(Source records)
————

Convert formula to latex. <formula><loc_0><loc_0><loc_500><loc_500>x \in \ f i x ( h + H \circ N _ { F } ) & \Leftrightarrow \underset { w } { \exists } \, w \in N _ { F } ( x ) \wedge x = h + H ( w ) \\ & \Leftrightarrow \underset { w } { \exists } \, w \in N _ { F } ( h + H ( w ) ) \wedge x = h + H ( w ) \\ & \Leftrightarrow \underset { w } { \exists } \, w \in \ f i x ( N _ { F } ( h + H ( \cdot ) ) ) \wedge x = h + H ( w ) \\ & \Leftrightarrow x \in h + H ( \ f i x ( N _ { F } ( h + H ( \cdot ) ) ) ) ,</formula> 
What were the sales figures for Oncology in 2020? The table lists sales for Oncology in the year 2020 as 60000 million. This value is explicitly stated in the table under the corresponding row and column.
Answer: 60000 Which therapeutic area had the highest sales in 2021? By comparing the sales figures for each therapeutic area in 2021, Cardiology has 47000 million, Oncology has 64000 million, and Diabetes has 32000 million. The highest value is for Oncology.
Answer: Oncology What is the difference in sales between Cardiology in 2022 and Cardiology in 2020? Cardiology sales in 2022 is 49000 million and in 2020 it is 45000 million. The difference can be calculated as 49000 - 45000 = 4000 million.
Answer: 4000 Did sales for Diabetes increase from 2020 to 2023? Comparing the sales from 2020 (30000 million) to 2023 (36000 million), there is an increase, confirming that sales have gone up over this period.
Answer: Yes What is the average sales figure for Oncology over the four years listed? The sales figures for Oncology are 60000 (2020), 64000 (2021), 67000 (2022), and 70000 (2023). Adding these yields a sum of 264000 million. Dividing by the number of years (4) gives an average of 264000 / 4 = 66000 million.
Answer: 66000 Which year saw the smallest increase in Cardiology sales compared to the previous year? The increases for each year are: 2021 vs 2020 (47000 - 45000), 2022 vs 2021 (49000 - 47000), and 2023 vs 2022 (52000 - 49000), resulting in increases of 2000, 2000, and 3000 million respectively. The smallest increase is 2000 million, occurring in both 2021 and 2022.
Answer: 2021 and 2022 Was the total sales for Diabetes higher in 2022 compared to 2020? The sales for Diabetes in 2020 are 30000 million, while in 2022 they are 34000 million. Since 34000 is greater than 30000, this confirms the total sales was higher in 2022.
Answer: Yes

————

▸ Problem details:
Restate word for word the lines running from the line that holds "Answer: 66000 Which" to the final line of the entries.

▸ Task output:
Answer: 66000 Which year saw the smallest increase in Cardiology sales compared to the previous year? The increases for each year are: 2021 vs 2020 (47000 - 45000), 2022 vs 2021 (49000 - 47000), and 2023 vs 2022 (52000 - 49000), resulting in increases of 2000, 2000, and 3000 million respectively. The smallest increase is 2000 million, occurring in both 2021 and 2022.
Answer: 2021 and 2022 Was the total sales for Diabetes higher in 2022 compared to 2020? The sales for Diabetes in 2020 are 30000 million, while in 2022 they are 34000 million. Since 34000 is greater than 30000, this confirms the total sales was higher in 2022.
Answer: Yes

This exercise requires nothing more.